## INSTRUCTIONS FOR THE TASK
Leave out the pictures and transcribe the rest of the records exactly.

EXTRACTED ENTRIES below:

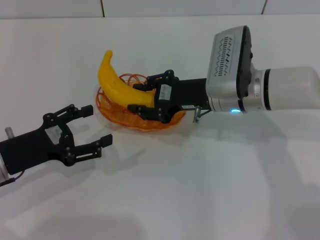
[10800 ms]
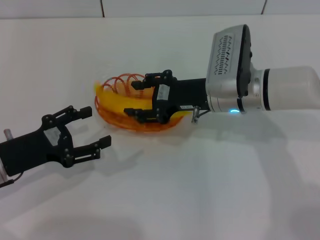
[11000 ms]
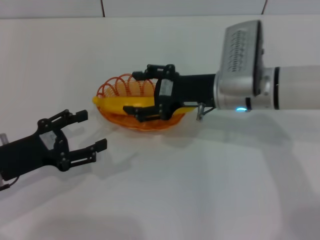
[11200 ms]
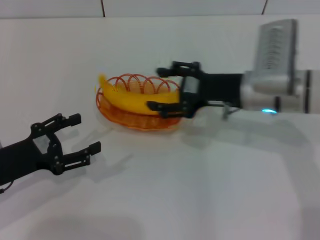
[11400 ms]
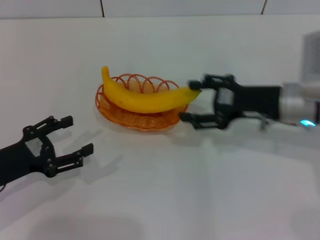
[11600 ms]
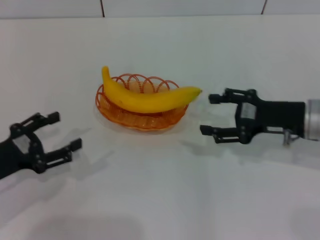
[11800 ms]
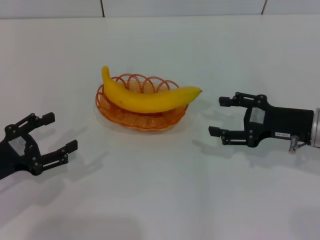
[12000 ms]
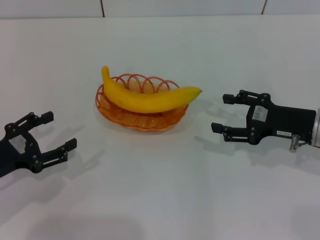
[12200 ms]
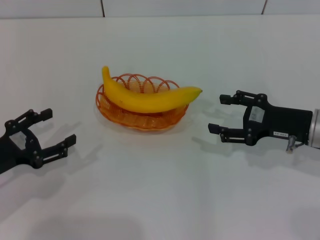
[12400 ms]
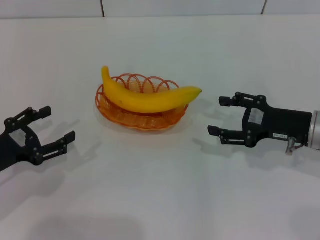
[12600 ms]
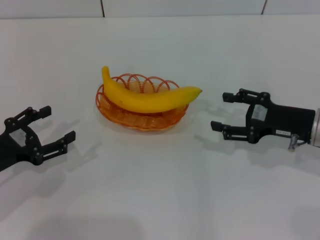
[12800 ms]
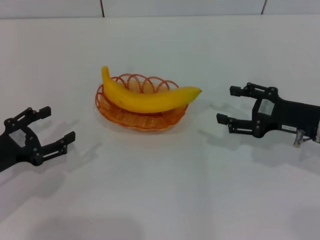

End of EXTRACTED ENTRIES.

## RESULT FOR THIS TASK
[10800 ms]
[11000 ms]
[11200 ms]
[11400 ms]
[11600 ms]
[11800 ms]
[12000 ms]
[12200 ms]
[12400 ms]
[12600 ms]
[12800 ms]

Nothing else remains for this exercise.